Genome instability at the tumour region level, a common feature in tumour evolution38, was measured through the weighted genome instability index (wGII), which measures the extent of genome instability per tumour region. Details on the calculation of this index can be found in a companion manuscript.

The increase in the fluctuations seen in FFPE- sample logR was addressed by modifications to the somatic copy-number abnormality detection pipeline. The mean logR value for all SNPs within a BAF segment was assigned as the segmented logR value for that BAF segment. Many small segments remained after this adjustment. These small segments corresponded to logR segments that do not have heterozygous SNPs within them and, therefore, no corresponding BAF segments. Each of these non-BAF segments was compared to its preceding or following segment within the same chromosomes, and joined to the segment with the closest logR value until there were no logR-only segments present. The overall mean logR in the newly joined segments was recalculated and used for downstream analyses. Finally, segments corresponding to the lowest logR values (<5% of the sample) were removed.

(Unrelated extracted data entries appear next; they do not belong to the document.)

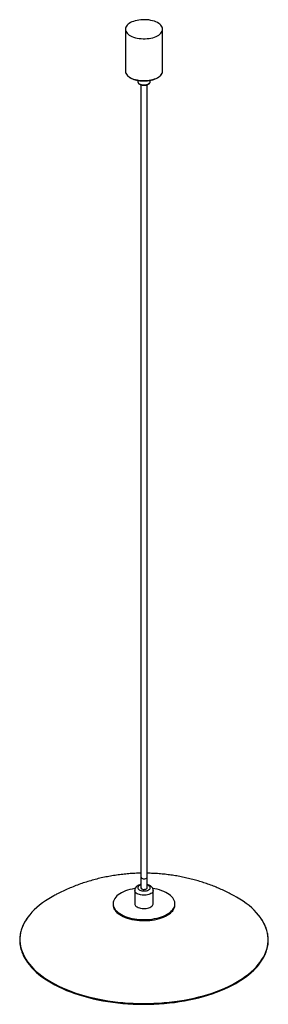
# Paper-space layout '_Trimétrica' of a CAD drawing. Header units: millimetres. Extents: x -201 to 201, y -135 to 1457.
import ezdxf

# ---------------------------------------------------------------- set-up
doc = ezdxf.new("R2010")
doc.units = ezdxf.units.MM

psp = doc.layouts.new('_Trimétrica')

# ---------------------------------------------------------------- linework, layer by layer
at = {"color": 7, "linetype": 'Continuous', "lineweight": 25}
for p, q in [((-30, 1441.8), (-30, 1374)), ((30, 1374), (30, 1441.8)), ((-10, 1359), (-10, 1356.9)), ((10, 1356.9), (10, 1359)), ((10, 1356.7), (10, 1356.9)), ((-5, 1352), (-5, 53.1)), ((5, 53.1), (5, 1352)), ((-15, 48.9), (-15, 27.4)), ((15, 27.4), (15, 48.9)), ((-50, 27.4), (-50, 25.7)), ((50, 25.7), (50, 27.4))]:
    psp.add_line(p, q, dxfattribs=at)
at = {"color": 7, "linetype": 'Continuous', "lineweight": 25, "flags": 128}
for points in [[(-14, 1428.1), (-11.1, 1427.4), (-8, 1426.9), (-4.8, 1426.5), (-1.6, 1426.3), (1.7, 1426.3), (4.9, 1426.5), (8.1, 1426.9), (11.2, 1427.4), (14.1, 1428.1), (16.9, 1429), (19.5, 1430), (21.8, 1431.2), (23.9, 1432.4), (25.7, 1433.8), (27.3, 1435.3), (28.4, 1436.9), (29.3, 1438.5), (29.8, 1440.1), (30, 1441.8), (29.8, 1443.5), (29.3, 1445.1), (28.4, 1446.7), (27.2, 1448.3), (25.7, 1449.7), (23.8, 1451.1), (21.7, 1452.4), (19.4, 1453.6), (16.8, 1454.6), (14, 1455.4), (11.1, 1456.1), (8, 1456.7), (4.8, 1457), (1.6, 1457.2), (-1.7, 1457.2), (-4.9, 1457), (-8.1, 1456.6), (-11.2, 1456.1), (-14.1, 1455.4), (-16.9, 1454.5), (-19.5, 1453.5), (-21.8, 1452.4), (-23.9, 1451.1), (-25.7, 1449.7), (-27.3, 1448.2), (-28.4, 1446.7), (-29.3, 1445), (-29.8, 1443.4), (-30, 1441.7), (-29.8, 1440.1), (-29.3, 1438.4), (-28.4, 1436.8), (-27.2, 1435.2), (-25.7, 1433.8), (-23.8, 1432.4), (-21.7, 1431.1), (-19.4, 1430), (-16.8, 1428.9), (-14, 1428.1)], [(-2.3, 68), (-1.1, 67.8), (0.3, 67.7), (1.6, 67.9), (2.9, 68.2), (3.9, 68.6), (4.6, 69.2), (4.9, 69.9), (5, 70.3)], [(-2.3, 68), (-1.1, 67.8), (0.3, 67.7), (1.6, 67.9), (2.9, 68.2), (3.9, 68.6), (4.6, 69.2), (4.9, 69.9), (5, 70.3)], [(-14.3, 52.1), (-15.3, 52), (-19.2, 51.2), (-23, 50.3), (-26.6, 49.2), (-30.1, 48), (-33.3, 46.6), (-36.3, 45.1), (-39.1, 43.5), (-41.5, 41.8), (-43.7, 39.9), (-45.6, 38), (-47.2, 36), (-48.4, 33.9), (-49.3, 31.8), (-49.8, 29.7), (-50, 27.5), (-49.8, 25.4), (-49.3, 23.2), (-48.5, 21.1), (-47.3, 19.1), (-45.8, 17), (-43.9, 15.1), (-41.8, 13.3), (-39.3, 11.5), (-36.6, 9.9), (-33.6, 8.4), (-30.4, 7), (-27, 5.7), (-23.3, 4.7)], [(-23.3, 4.7), (-19.6, 3.7), (-15.6, 3), (-11.6, 2.4), (-7.5, 2), (-3.3, 1.7), (0.9, 1.7), (5, 1.8), (9.2, 2.1), (13.3, 2.6), (17.2, 3.3), (21.1, 4.1), (24.8, 5.1), (28.4, 6.2), (31.7, 7.5), (34.8, 9), (37.7, 10.5), (40.3, 12.2), (42.7, 14), (44.7, 15.9), (46.4, 17.9), (47.8, 19.9), (48.9, 22), (49.6, 24.1), (49.9, 26.3), (50, 28.4), (49.6, 30.6), (48.9, 32.7), (47.9, 34.8), (46.6, 36.8), (44.9, 38.8), (42.9, 40.7), (40.6, 42.5), (38, 44.2), (35.1, 45.8), (32, 47.2), (28.7, 48.5), (25.2, 49.7), (21.5, 50.7), (17.6, 51.5), (14.3, 52.1)], [(-2.3, 50.9), (-1.1, 50.6), (0.3, 50.6), (1.6, 50.7), (2.9, 51), (3.9, 51.5), (4.6, 52.1), (4.9, 52.8), (5, 53.1)], [(-145.6, 40.3), (-148.5, 38.7), (-154, 35.4), (-159.3, 32.1), (-164.3, 28.6), (-168.9, 25), (-173.3, 21.3), (-177.4, 17.5), (-181.1, 13.6), (-184.6, 9.7), (-187.7, 5.7), (-187.7, 5.6)], [(188.9, 4), (188.3, 4.9), (185.2, 8.9), (181.8, 12.9), (178.1, 16.8), (174.1, 20.6), (169.8, 24.3), (165.1, 27.9), (160.2, 31.4), (155, 34.8), (149.6, 38.1), (145.7, 40.3)], [(-50, 25.7), (-49.8, 23.7), (-49.3, 21.5), (-48.5, 19.4), (-47.3, 17.3), (-45.8, 15.3), (-43.9, 13.4), (-41.8, 11.5), (-39.3, 9.8), (-36.6, 8.2), (-33.6, 6.6), (-30.4, 5.3), (-27, 4), (-23.3, 2.9)], [(-23.3, 2.9), (-19.6, 2), (-15.6, 1.3), (-11.6, 0.7), (-7.5, 0.3), (-3.3, 0), (0.9, 0), (5, 0.1), (9.2, 0.4), (13.3, 0.9), (17.2, 1.5), (21.1, 2.4), (24.8, 3.4), (28.4, 4.5), (31.7, 5.8), (34.8, 7.2), (37.7, 8.8), (40.3, 10.5), (42.7, 12.3), (44.7, 14.2), (46.4, 16.1), (47.8, 18.2), (48.9, 20.3), (49.6, 22.4), (49.9, 24.5), (50, 25.7)], [(-15, 27.4), (-14.9, 26.4), (-14.4, 25.3), (-13.6, 24.2), (-12.5, 23.1), (-11.1, 22.2), (-9.4, 21.4), (-7.5, 20.7), (-5.4, 20.2), (-3.2, 19.9), (-1, 19.7), (1.3, 19.7), (3.6, 19.9), (5.8, 20.3), (7.8, 20.8), (9.7, 21.5), (11.3, 22.4), (12.7, 23.3), (13.8, 24.4), (14.5, 25.5), (14.9, 26.6), (15, 27.4)], [(-192.7, -60.8), (-191.1, -63.5), (-188.3, -67.6), (-185.3, -71.6), (-181.9, -75.6), (-178.2, -79.5), (-174.2, -83.3), (-169.8, -87), (-165.2, -90.6), (-160.3, -94.1), (-155.1, -97.5), (-149.6, -100.8), (-143.9, -104), (-137.9, -107), (-131.7, -109.9), (-125.2, -112.7), (-118.6, -115.3), (-111.7, -117.8), (-104.6, -120.1), (-97.3, -122.3), (-89.9, -124.3), (-82.3, -126.2), (-74.6, -127.9), (-66.7, -129.4), (-58.7, -130.8), (-50.6, -131.9), (-42.5, -132.9), (-34.2, -133.8), (-25.9, -134.4), (-17.6, -134.9), (-9.2, -135.2), (-0.8, -135.3), (7.6, -135.2), (16, -134.9), (24.4, -134.5), (32.7, -133.9), (41, -133.1), (49.2, -132.1), (57.3, -131), (65.3, -129.7), (73.2, -128.2), (80.9, -126.5), (88.5, -124.7), (96, -122.7), (103.3, -120.5), (110.4, -118.2), (117.3, -115.8), (124, -113.2), (130.5, -110.4), (136.8, -107.5), (142.8, -104.5), (148.6, -101.4), (154.1, -98.1), (159.4, -94.7), (164.3, -91.2), (169, -87.6), (173.4, -83.9), (177.5, -80.2)]]:
    psp.add_lwpolyline(points, dxfattribs=at)
at = {"color": 8, "linetype": 'Continuous', "lineweight": 25, "flags": 128}
for points in [[(-30, 1374), (-30, 1374), (-29.8, 1372.3), (-29.3, 1370.7), (-28.4, 1369.1), (-27.2, 1367.5), (-25.7, 1366), (-23.8, 1364.7), (-21.7, 1363.4), (-19.4, 1362.2), (-16.8, 1361.2), (-14, 1360.4)], [(-14, 1360.4), (-11.1, 1359.7), (-8, 1359.1), (-4.8, 1358.8), (-1.6, 1358.6), (1.7, 1358.6), (4.9, 1358.8), (8.1, 1359.2), (11.2, 1359.7), (14.1, 1360.4), (16.9, 1361.3), (19.5, 1362.3), (21.8, 1363.4), (23.9, 1364.7), (25.7, 1366.1), (27.3, 1367.6), (28.4, 1369.1), (29.3, 1370.7), (29.8, 1372.4), (30, 1374)], [(-10, 1356.9), (-9.9, 1356.2), (-9.5, 1355.3), (-8.7, 1354.4), (-7.6, 1353.6), (-6.3, 1352.9), (-4.7, 1352.3)], [(-4.7, 1352.3), (-2.9, 1352), (-1, 1351.8), (0.9, 1351.8), (2.7, 1351.9), (4.5, 1352.3), (6.1, 1352.8), (7.5, 1353.5), (8.6, 1354.3), (9.4, 1355.2), (9.9, 1356.1), (10, 1356.7)], [(15, 48.8), (14.9, 48.1), (14.5, 46.9), (13.8, 45.8), (12.7, 44.7), (11.3, 43.8), (9.7, 43), (7.8, 42.3), (5.8, 41.7), (3.6, 41.4), (1.3, 41.2), (-1, 41.1), (-3.2, 41.3), (-5.4, 41.7), (-7.5, 42.2), (-9.4, 42.8), (-11.1, 43.6), (-12.5, 44.6), (-13.6, 45.6), (-14.4, 46.7), (-14.9, 47.9), (-15, 48.9)], [(-8.8, 55.5), (-9.6, 54.6), (-9.9, 53.7), (-10, 52.7), (-9.6, 51.7), (-8.9, 50.8), (-7.9, 50), (-6.6, 49.3), (-5.1, 48.7), (-3.4, 48.3), (-1.5, 48.1), (0.4, 48), (2.3, 48.1), (4.1, 48.4), (5.7, 48.9), (7.2, 49.6), (8.4, 50.3), (9.2, 51.2), (9.8, 52.1), (10, 53.1), (9.8, 54.1), (9.3, 55), (8.5, 55.9), (7.3, 56.7), (5.9, 57.3), (5, 57.6)], [(-187.7, 5.6), (-190.5, 1.6), (-193, -2.6), (-195.1, -6.7), (-196.9, -11), (-198.3, -15.2), (-199.4, -19.5), (-200.1, -23.8), (-200.5, -28.2), (-200.5, -32.5), (-200.2, -36.8), (-199.5, -41.1), (-198.5, -45.4), (-197.2, -49.7), (-195.4, -53.9), (-193.4, -58.1), (-191, -62.3), (-188.3, -66.4), (-185.2, -70.4), (-181.8, -74.3), (-178.1, -78.2), (-174.1, -82), (-169.8, -85.7), (-165.1, -89.3), (-160.2, -92.9), (-155, -96.3), (-149.6, -99.5), (-143.8, -102.7), (-137.9, -105.7), (-131.6, -108.7), (-125.2, -111.4), (-118.5, -114.1), (-111.6, -116.5), (-104.6, -118.9), (-97.3, -121), (-89.9, -123.1), (-82.3, -124.9), (-74.5, -126.6), (-66.7, -128.1), (-58.7, -129.5), (-50.6, -130.7), (-42.5, -131.7), (-34.2, -132.5), (-25.9, -133.2), (-17.6, -133.6), (-9.2, -133.9), (-0.8, -134), (7.6, -133.9), (16, -133.7), (24.4, -133.3), (32.7, -132.6), (40.9, -131.8), (49.1, -130.9), (57.2, -129.7), (65.2, -128.4), (73.1, -126.9), (80.9, -125.2), (88.5, -123.4), (95.9, -121.4), (103.2, -119.3), (110.4, -117), (117.3, -114.5), (124, -111.9), (130.5, -109.2), (136.7, -106.3), (142.8, -103.3), (148.5, -100.1), (154, -96.9), (159.3, -93.5), (164.3, -90), (168.9, -86.4), (173.3, -82.7), (177.4, -78.9)], [(177.4, -78.9), (181.1, -75.1), (184.6, -71.1), (187.7, -67.1), (190.5, -63), (193, -58.9), (195.1, -54.7), (196.9, -50.5), (198.3, -46.2), (199.4, -41.9), (200.1, -37.6), (200.5, -33.3), (200.5, -29), (200.2, -24.6), (199.5, -20.3), (198.5, -16), (197.2, -11.8), (195.4, -7.5), (193.4, -3.3), (191, 0.8), (188.9, 4)]]:
    psp.add_lwpolyline(points, dxfattribs=at)
at = {"color": 7, "linetype": 'Continuous', "lineweight": 25}
for centre, radius, start, end in [((-2.1, 71), 3.02, 194.0352, 264.9618), ((-2.1, 53.9), 3.02, 194.0352, 264.9618), ((122.1, -21.1), 80.9, 313.1608, 334.6244)]:
    psp.add_arc(centre, radius, start, end, dxfattribs=at)
at = {"color": 8, "linetype": 'Continuous', "lineweight": 25}
psp.add_arc((-2.6, 48.6), 9.35, 104.6721, 131.623, dxfattribs=at)
at = {"color": 7, "linetype": 'Continuous', "lineweight": 25}
for points, knots in [([(-30, 1374.1), (-30, 1373.9), (-30, 1373.3), (-29.8, 1372), (-29.3, 1370.4), (-28.4, 1368.8), (-27.3, 1367.3), (-25.9, 1365.9), (-24.2, 1364.5), (-22.2, 1363.2), (-20, 1362.1), (-17.6, 1361.1), (-15.5, 1360.3), (-14.2, 1360), (-13.8, 1359.9)], [0, 0, 0, 0, 0.020321, 0.11148, 0.202672, 0.294619, 0.387745, 0.481994, 0.57702, 0.67244, 0.767964, 0.863422, 0.958768, 1, 1, 1, 1]), ([(-13.8, 1359.9), (-13.3, 1359.7), (-11.9, 1359.4), (-9.5, 1358.9), (-6.5, 1358.4), (-3.5, 1358.2), (-0.4, 1358.1), (2.7, 1358.1), (5.7, 1358.4), (8.7, 1358.8), (11.6, 1359.3), (14.4, 1360), (17, 1360.8), (19.5, 1361.8), (21.7, 1363), (23.8, 1364.2), (25.5, 1365.6), (27, 1367), (28.3, 1368.6), (29.2, 1370.2), (29.8, 1371.8), (30, 1373.3), (30, 1374.2), (29.9, 1374.5)], [0, 0, 0, 0, 0.026193, 0.07593, 0.125641, 0.175322, 0.224986, 0.274645, 0.324309, 0.37399, 0.4237, 0.473452, 0.523261, 0.573141, 0.623103, 0.673149, 0.723265, 0.773381, 0.823348, 0.872951, 0.921961, 0.970279, 1, 1, 1, 1]), ([(-10, 1356.8), (-10, 1356.7), (-10, 1356.2), (-9.7, 1355.4), (-9.1, 1354.4), (-8.2, 1353.6), (-7.1, 1352.8), (-5.8, 1352.2), (-4.9, 1352), (-4.5, 1351.8)], [0, 0, 0, 0, 0.066113, 0.217074, 0.369348, 0.52866, 0.69512, 0.864925, 1, 1, 1, 1]), ([(-4.5, 1351.8), (-4.2, 1351.8), (-3.4, 1351.6), (-1.9, 1351.3), (-0.1, 1351.2), (1.6, 1351.3), (3.4, 1351.5), (5, 1351.9), (6.5, 1352.5), (7.7, 1353.2), (8.8, 1354.1), (9.5, 1355), (9.9, 1355.9), (9.9, 1356.5), (10, 1356.7)], [0, 0, 0, 0, 0.047873, 0.138511, 0.22895, 0.31932, 0.409813, 0.500624, 0.592016, 0.684247, 0.777391, 0.870227, 0.949443, 1, 1, 1, 1]), ([(-5, 76.7), (-8.2, 76.7), (-14.8, 76.5), (-24.6, 75.9), (-34.5, 74.9), (-44.4, 73.7), (-54.3, 72.1), (-64.1, 70.2), (-73.9, 68), (-83.7, 65.4), (-93.4, 62.6), (-102.9, 59.4), (-112.4, 55.8), (-121.7, 52), (-130.9, 47.8), (-138.8, 44), (-143.6, 41.3), (-145.5, 40.3)], [0, 0, 0, 0, 0.066324, 0.133691, 0.201349, 0.269296, 0.337516, 0.405978, 0.47464, 0.543453, 0.612359, 0.681301, 0.750225, 0.819081, 0.88783, 0.956438, 1, 1, 1, 1]), ([(145.6, 40.3), (144.3, 41), (140.2, 43.3), (133.3, 46.7), (124.9, 50.6), (116.4, 54.2), (107.8, 57.6), (99, 60.7), (90, 63.6), (81, 66.2), (71.8, 68.5), (62.5, 70.5), (53.1, 72.3), (43.6, 73.8), (34, 75), (24.4, 75.9), (14.7, 76.5), (8.2, 76.7), (5, 76.7)], [0, 0, 0, 0, 0.031747, 0.094509, 0.157478, 0.220675, 0.284123, 0.34784, 0.411839, 0.476129, 0.540713, 0.605591, 0.670755, 0.736197, 0.801906, 0.867877, 0.934104, 1, 1, 1, 1]), ([(-12.3, 54.8), (-12.6, 54.6), (-13.2, 53.9), (-14, 52.7), (-14.6, 51.3), (-15, 50), (-15, 49.2), (-15, 48.9)], [0, 0, 0, 0, 0.177888, 0.411022, 0.634866, 0.85377, 1, 1, 1, 1]), ([(-5, 58.5), (-5.7, 58.3), (-7, 58), (-8.9, 57.2), (-10.6, 56.3), (-11.7, 55.4), (-12.2, 54.9), (-12.3, 54.8)], [0, 0, 0, 0, 0.229865, 0.476026, 0.729141, 0.950903, 1, 1, 1, 1]), ([(15, 48.8), (15, 49.1), (15, 49.8), (14.7, 51), (14.2, 52.4), (13.4, 53.7), (12.3, 54.9), (11, 56), (9.5, 56.9), (7.7, 57.7), (6.2, 58.2), (5.2, 58.4), (5, 58.5)], [0, 0, 0, 0, 0.045141, 0.149683, 0.252629, 0.356643, 0.464417, 0.57835, 0.699637, 0.826913, 0.95636, 1, 1, 1, 1]), ([(-187.9, 5.5), (-188.1, 5.2), (-189.2, 3.7), (-191.1, 0.8), (-193.4, -3.1), (-195.4, -7.1), (-197.2, -11.2), (-198.5, -15.2), (-199.6, -19.3), (-200.4, -23.5), (-200.8, -27.6), (-201, -31.7), (-200.8, -35.9), (-200.3, -40), (-199.5, -44.1), (-198.3, -48.2), (-196.9, -52.2), (-195.1, -56.3), (-193.8, -59), (-192.9, -60.5), (-192.8, -60.6)], [0, 0, 0, 0, 0.011467, 0.07318, 0.134855, 0.196483, 0.258061, 0.319582, 0.381049, 0.442464, 0.503836, 0.565177, 0.626505, 0.687832, 0.749173, 0.810545, 0.87196, 0.933425, 0.994944, 1, 1, 1, 1]), ([(195.4, -55.6), (195.5, -55.3), (196.3, -53.8), (197.4, -50.9), (198.8, -46.8), (199.8, -42.7), (200.5, -38.6), (200.9, -34.4), (201, -30.3), (200.7, -26.2), (200.2, -22.1), (199.3, -17.9), (198.1, -13.9), (196.6, -9.8), (194.8, -5.8), (192.7, -1.8), (190.8, 1.4), (189.4, 3.3), (189, 3.8)], [0, 0, 0, 0, 0.011196, 0.079832, 0.148406, 0.216918, 0.285374, 0.353784, 0.422164, 0.490531, 0.558899, 0.627287, 0.695711, 0.764185, 0.832716, 0.901307, 0.969958, 1, 1, 1, 1])]:
    psp.add_open_spline(points, degree=3, knots=knots, dxfattribs=at)

doc.saveas('drawing.dxf')

Seeding Clusters of Lung Cancer using the MACHINA and a New Definition of Polyclonal Seeding in the Dissemination Model

In addition to looking at the different routes of dissemination, the MACHINA results can be used to identify seeding clones. Thus, to provide further evidence to the identified seeding clones, we compared the results of MACHINA with those inferred by the new method in this study. Under the parallel single-source seeding assumption adopted in this analysis, we considered only the results of MACHINA using the same dissemination model. Moreover, the definition of monoclonal and polyclonal seeding from MACHINA does not take into account the tree, as done in this study. Thus, whereas MACHINA defines cases as polyclonal only if at least one metastasis sample is polyclonal, cases with a single monoclonal or multiple monoclonal metastases are both defined as monoclonal. We adapted a new definition for polyclonal but that also has multiple MAbs, so that we could compare them.

Allele-specific arm-level LOH events were defined as primary-ubiquitous if the same allele was lost in all primary tumour regions. The arm level loss was defined as 25% of the arm being lost. The proportion of primary-ubiquitous L OH events shared in the metastases were compared against the early and late divergence cases.

Primary tumours with a clonal WGD (that is, the same WGD event in all primary regions17) were identified and the WGD status of the paired metastases was explored. If noWGD was seen in the metastases, then it was a diverging one. If the same event was spotted in the primary tumours, then the Metastases were defined as having diverged late.

This approach was followed until n 1 regions were considered and the average proportion of shared clones as well as the timing of divergence were highlighted.

The dNdScv function was used to run a collection of lung cancer specific genes and to identify the seeding clusters of the cancer. This list was formed of lung cancer genes as described in refs. 3,20,21,59 were then put in the filters based on the expression in the TRACERx 421 cohort.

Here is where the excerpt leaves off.